On May 16, 2022, Kim enlisted for mandatory military service and was assigned to the Korea Armed Forces Athletic Corps' Sangmu basketball team. He was discharged on November 15, 2023.

Kim struggled with knee problems and it affected his performance during the 2023-24 season. Daegu failed to qualify for the playoffs, finishing in 7th place. His poor form and injury struggles continued into the first half of the 2024-25 season and Jeong Seong-woo and SJ Belangel became the preferred the backcourt pairing. During the playoffs, he was injured in Game 2 of the quarterfinals against Suwon KT Sonicboom and ruled out for the rest of the series. His injury compounded Daegu's injury woes to key players, including their foreign players, and KT eventually won the series 3-2.

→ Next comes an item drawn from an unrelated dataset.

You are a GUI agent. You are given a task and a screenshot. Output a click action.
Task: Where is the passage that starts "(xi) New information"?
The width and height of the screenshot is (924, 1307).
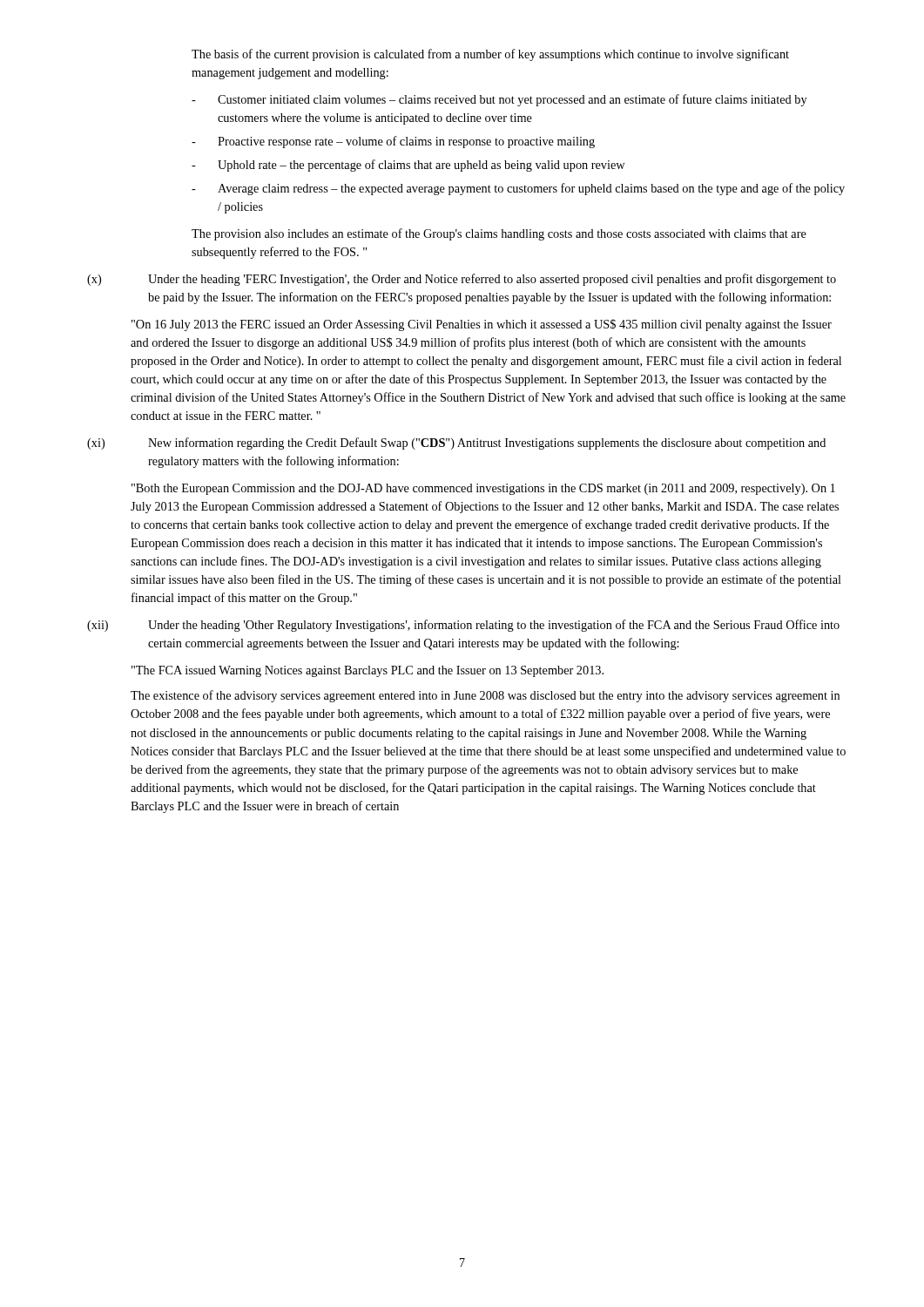click(467, 452)

Kim became a free agent and was widely expected to renew his contract as he was a fan favorite and the second longest-serving player on the team following one-club man Lim Jun-su's retirement. In May, it was announced that he had signed a five-year contract with Seoul SK Knights to replace Kim Sun-hyung, who had signed with KT.
==National team career==
Kim was called up to the youth teams for the 2011 U-16 Asia Championship and the 2012 U-17 World Championship.

Kim was named in the squad list for the 2018 Asian Games and sent to the 3x3 team, clinching a silver medal. During the final against China, South Korea were initially ahead but Kim had fouled Huang Wenwei with 4.4 seconds left and Huang scored both free throws.